Over the weekend I was contemplating the idea of starting to write a "how-to" series of using arduino computers for train-related projects. I would start with the basics or working with soldered versus plug-in wiring and getting power from the tracks, move into installing the arduino programming software, then start building on the basics with extremely cheap examples of controllers for turnouts and crossing gates, then show how I am controlling the speed of a locomotive, and move on to communicating via WIFI.

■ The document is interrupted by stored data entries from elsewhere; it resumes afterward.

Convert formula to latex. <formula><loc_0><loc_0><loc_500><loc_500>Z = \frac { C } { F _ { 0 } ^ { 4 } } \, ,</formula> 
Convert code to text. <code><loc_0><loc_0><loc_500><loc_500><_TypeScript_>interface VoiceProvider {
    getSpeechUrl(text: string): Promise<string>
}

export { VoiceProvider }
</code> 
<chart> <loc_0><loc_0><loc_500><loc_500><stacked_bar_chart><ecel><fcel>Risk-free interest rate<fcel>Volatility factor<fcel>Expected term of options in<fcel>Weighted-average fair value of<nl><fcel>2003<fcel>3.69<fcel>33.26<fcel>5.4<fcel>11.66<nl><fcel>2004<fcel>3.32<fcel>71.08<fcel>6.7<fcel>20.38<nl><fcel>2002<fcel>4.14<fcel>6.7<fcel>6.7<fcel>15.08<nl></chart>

So would there be much interest in this? Should I just start writing and see how many people follow along? Or is this the wrong crowd to push my new-fangled methods on?


----------



## Lemonhawk

I've been playing with the pro mini and I was looking at the relay panel I built about ten years ago and thinking I could replace most of the wiring with the arduino and some day I might. So I've been following your exploits with interest.


----------



## RH1

New here, but well on my way to getting my latest HO layout up and running - the main trackwork is done, and just finished soldering all of the track feeders this morning before I headed into work for the afternoon (100 solder joints later, my hand was cramping...). Running it all with old school DC and a pile of DPDT switches simply because I already have them in boxes from 12 years ago. Actually, the whole layout has cost me the price of one sheet of plywood, a bottle of wood glue, and some screws. Everything else was salvaged from my old layout (12 years ago) or was materials I found laying around the house..

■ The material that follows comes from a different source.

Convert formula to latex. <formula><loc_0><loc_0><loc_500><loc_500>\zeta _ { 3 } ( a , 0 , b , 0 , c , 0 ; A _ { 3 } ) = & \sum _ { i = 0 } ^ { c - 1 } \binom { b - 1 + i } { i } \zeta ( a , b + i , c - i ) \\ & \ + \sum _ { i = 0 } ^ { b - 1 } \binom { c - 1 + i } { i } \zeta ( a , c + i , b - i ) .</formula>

That being said (and following along my idea of using what I already have), I've been thinking of seeing what I can do with a couple of Arduinos (and maybe a Raspberry Pi) that I have sitting in a tool box. I got the Arduinos a couple of years ago as a test project to build some simple audio recorders (they worked fine, but ended up going with something else).

Would love to see some ideas, sketches if you have them! Will be a while before I can actually get to trying them out, but always great to have new ideas. 


Rainer


----------



## DonR

I think your idea would find several takers if you can start out with
a full explanation what an Arduino is, how it could be used, what
gear would be needed to program it and in general a 'get acquainted'
beginning for non digital people who could then realize how they
could use it.

Then, proceed for the better informed.

Don


----------



## teledoc

I would suggest just start writing, and those that are interested will definitely start asking questions. I would follow along myself, to see what different capabilities the arduino could be used for, and get a better grasp of using it in model railroading. Go for it.


----------



## RT_Coker

Shdwdrgn,
You will probably find "Introducing DCC++ ---a complete open-source DCC station and interface" interesting: http://www.trainboard.com/highball/...-open-source-dcc-station-and-interface.84800/
Bob


----------



## 2869ral

Im very interested!


----------



## Shdwdrgn

Great to see the interest in this, thanks everyone! I started writing up some notes last night about how I want to proceed with the discussion. It's obvious right off that for anyone to get started in arduinos, they will need to have some basic initial knowledge... things like DC voltages, understanding that you need a complete circuit for electricity to flow, and probably some understanding of components like diodes and resistors.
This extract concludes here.